The political violence has reportedly rendered thousands of BJP workers homeless. Based on the report by a Union home ministry team that travelled across the state, the ministry has not yet pulled out 105 companies of Central forces deployed for election security. The legality of their extended deployment is now being debated. “Law and order being a state subject, the Central forces can only supplement the state forces,” said an IPS officer who did not want to be named. “The state police can use such forces only during internal disturbance. We do not think there is any such disturbance.”

The Centre can have a say in law and order only if it applies Article 355 of the Constitution, said the officer. The Union home ministry has said that the forces would be in the state till the pandemic is over. Many have questioned what the pandemic has to do with law and order.

Sources said that Dhankhar had also sent a report to the Centre and the president, inviting criticism from the Trinamool for his “political” intervention.

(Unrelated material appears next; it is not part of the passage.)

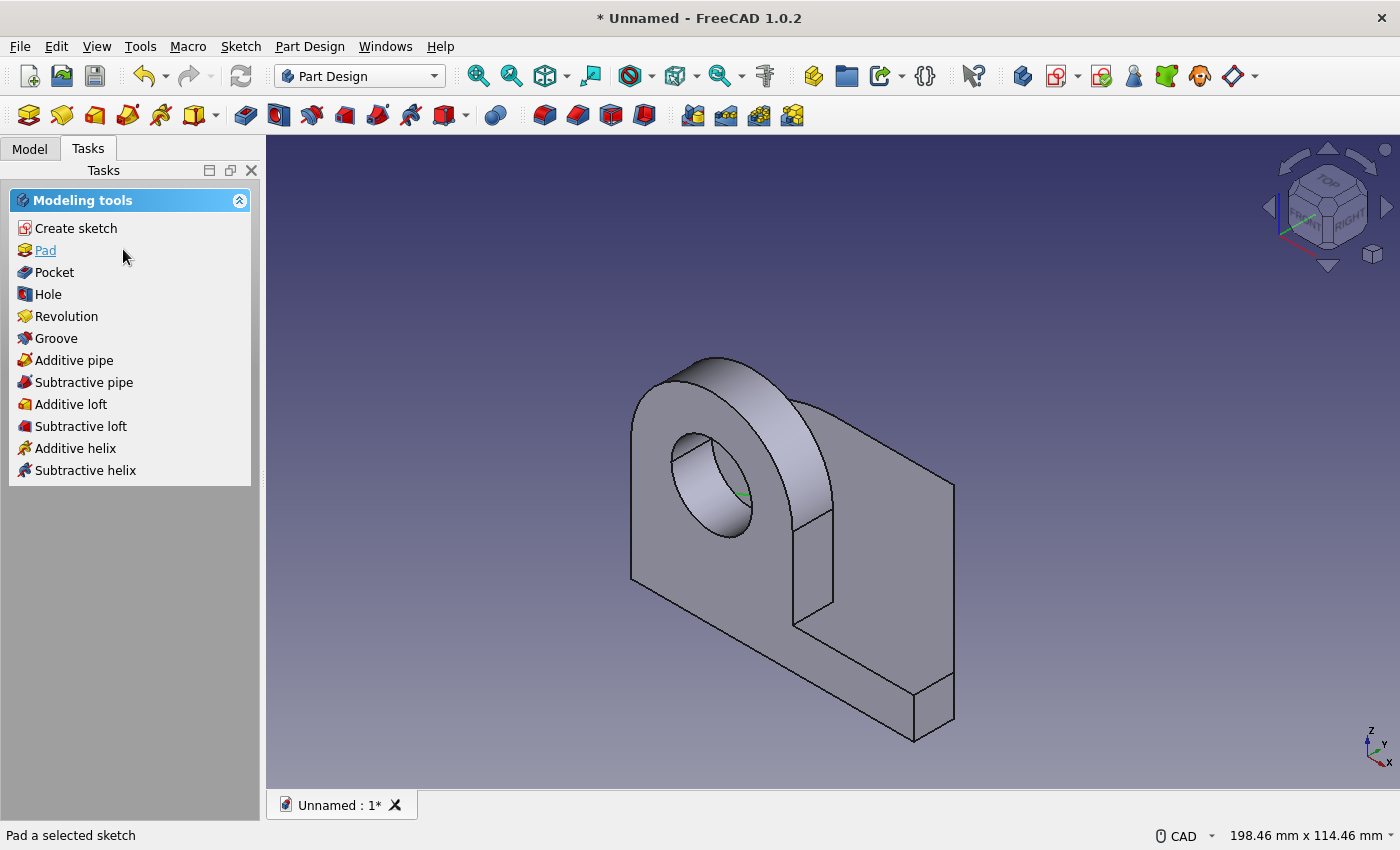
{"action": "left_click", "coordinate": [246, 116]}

At the party level, Adhikari, the leader of the opposition in the West Bengal assembly, has been asked to bring back the party workers displaced by the violence. “He is coordinating with district magistrates along with 75 of our MLAs,” said Roychowdhury. After the party workers return, the BJP would press for punishment for those who attacked its cadres. The state BJP apparently feels that it has to use such promises to hold on to its workers.

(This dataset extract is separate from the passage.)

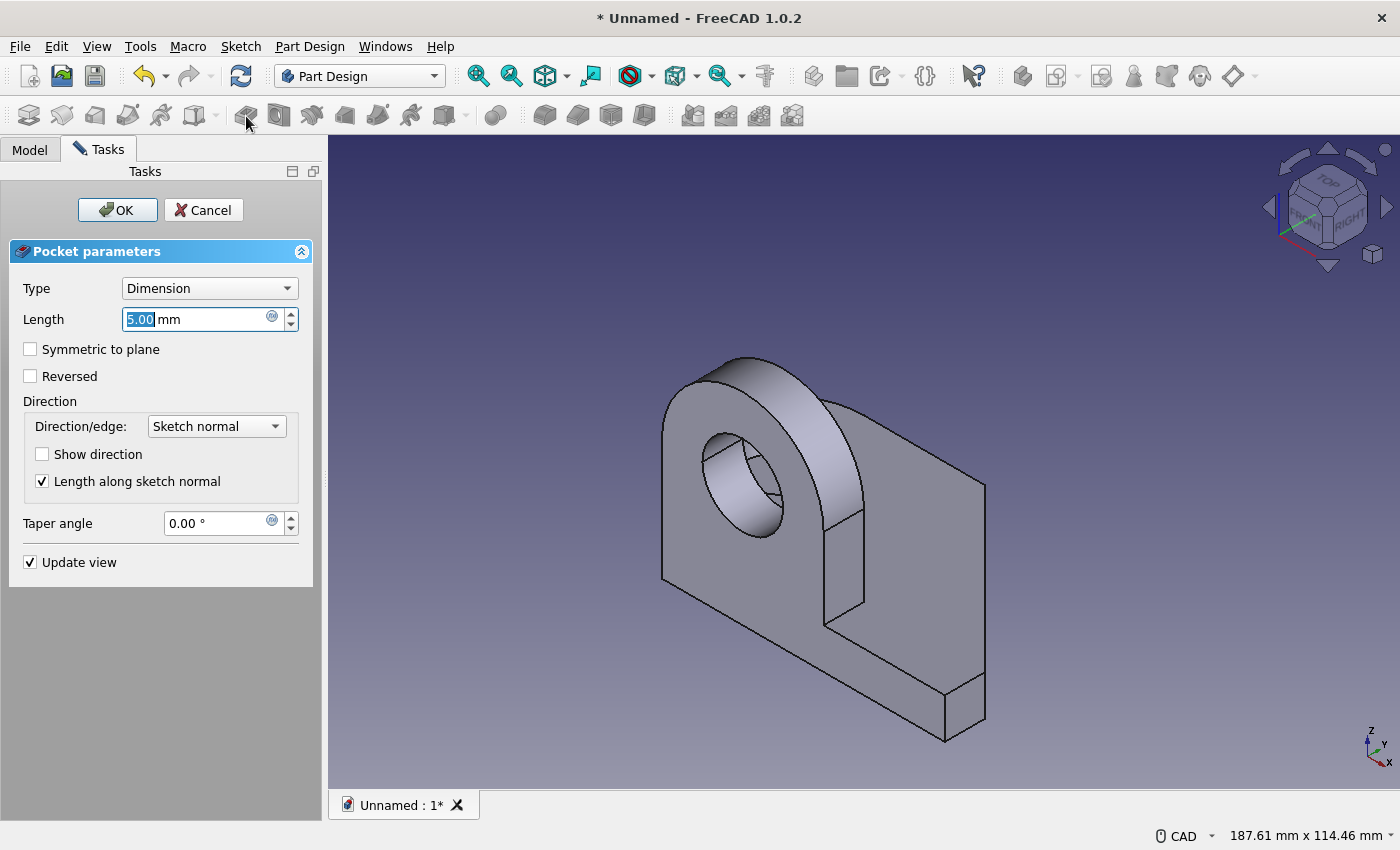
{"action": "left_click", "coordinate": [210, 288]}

Several Trinamool defectors, including former MLAs Sonali Guha and Sarala Murmu, have already shown interest in returning to the fold. The BJP has said that while some leaders could return to the Trinamool, it would retain the cadres at any cost.

Several voices in the Trinamool, however, have objected to the possible inclusion of these leaders. “Such people should not be taken back. We have told Mamata this,” said a senior TMC leader.

However, Mamata could take them back after a cooling-off period. Many defectors, said sources, are in constant touch with her.